In this letter we will share
some of the deepest symbols that make Hanukkah a festival for sharing light by
saving energy, and will also share some specific earth-healing actions for each
of the eight Days.
On the
Shabbat that comes in the midst of Hanukkah, Jews traditionally read the passage
from the Prophet Zechariah that celebrates the Great Menorah (literally,
a Light-bearer) in a rebuilt Holy Temple after the Babylonian
Captivity. Zechariah, in visionary, prophetic style, goes beyond the
Torah's description of the original Menorah . That Menorah was planned as part
of the portable Shrine, the Mishkan, in the Wilderness. First Zechariah
describes the Menorah of the future that he sees: "All of gold, with a bowl on
its top, seven lamps, and seven pipes leading to the seven lamps." It sounds
like the original bearer of the sacred Light.
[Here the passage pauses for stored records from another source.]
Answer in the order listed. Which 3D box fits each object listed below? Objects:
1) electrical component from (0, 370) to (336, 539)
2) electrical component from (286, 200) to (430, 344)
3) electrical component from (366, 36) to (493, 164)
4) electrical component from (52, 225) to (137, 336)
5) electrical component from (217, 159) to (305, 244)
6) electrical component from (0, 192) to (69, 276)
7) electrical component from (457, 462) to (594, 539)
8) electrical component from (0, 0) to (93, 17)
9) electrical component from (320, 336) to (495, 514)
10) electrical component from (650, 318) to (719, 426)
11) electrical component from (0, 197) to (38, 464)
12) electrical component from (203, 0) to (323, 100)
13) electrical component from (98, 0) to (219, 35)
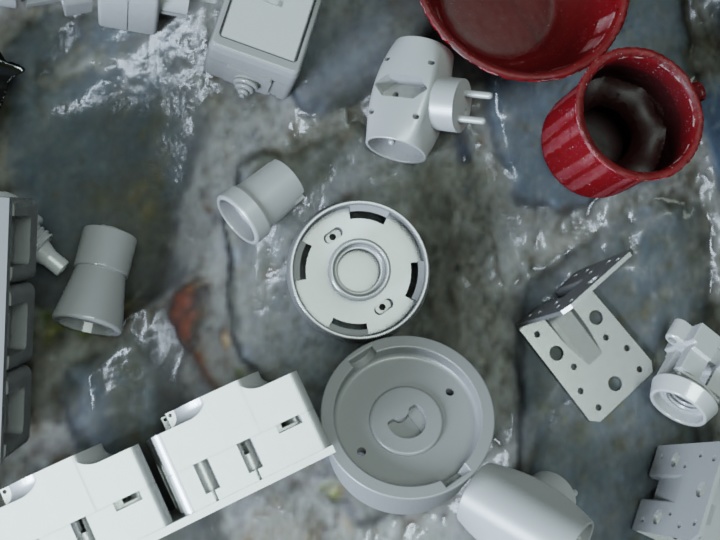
[{"bbox_3d":[-0.120,0.121,0.633,0.186,0.105,0.060,-24,86,-16],"label":"electrical component"},{"bbox_3d":[0.000,0.000,0.716,0.099,0.064,0.099,0,88,-2],"label":"electrical component"},{"bbox_3d":[0.051,-0.114,0.735,0.079,0.043,0.077,10,76,24],"label":"electrical component"},{"bbox_3d":[-0.164,0.005,0.677,0.044,0.044,0.065,13,73,-10],"label":"electrical component"},{"bbox_3d":[-0.065,-0.046,0.710,0.046,0.040,0.040,-41,91,-21],"label":"electrical component"},{"bbox_3d":[-0.210,-0.020,0.674,0.061,0.035,0.035,40,74,-6],"label":"electrical component"},{"bbox_3d":[0.116,0.157,0.706,0.077,0.044,0.079,27,30,28],"label":"electrical component"},{"bbox_3d":[-0.211,-0.201,0.694,0.057,0.058,0.078,-15,84,-18],"label":"electrical component"},{"bbox_3d":[0.028,0.103,0.689,0.108,0.060,0.108,1,61,-2],"label":"electrical component"},{"bbox_3d":[0.235,0.076,0.755,0.066,0.048,0.055,38,67,-4],"label":"electrical component"},{"bbox_3d":[-0.241,0.030,0.624,0.089,0.061,0.150,3,93,-1],"label":"electrical component"},{"bbox_3d":[-0.064,-0.162,0.718,0.062,0.061,0.096,18,77,-9],"label":"electrical component"},{"bbox_3d":[-0.130,-0.187,0.705,0.077,0.066,0.047,8,79,-12],"label":"electrical component"}]

But then he adds a new detail: "By
it are two olive trees, one on the right of the bowl and one on the left." (4:
2-3) And then --- in a passage the Rabbis did not include in the
Haftarah - Zechariah explains that the two olive trees are feeding their oil
directly into the Menorah (4: 11-13). No human being needs to press the olives,
collect the oil, clarify and sanctify it. The trees alone can do it all.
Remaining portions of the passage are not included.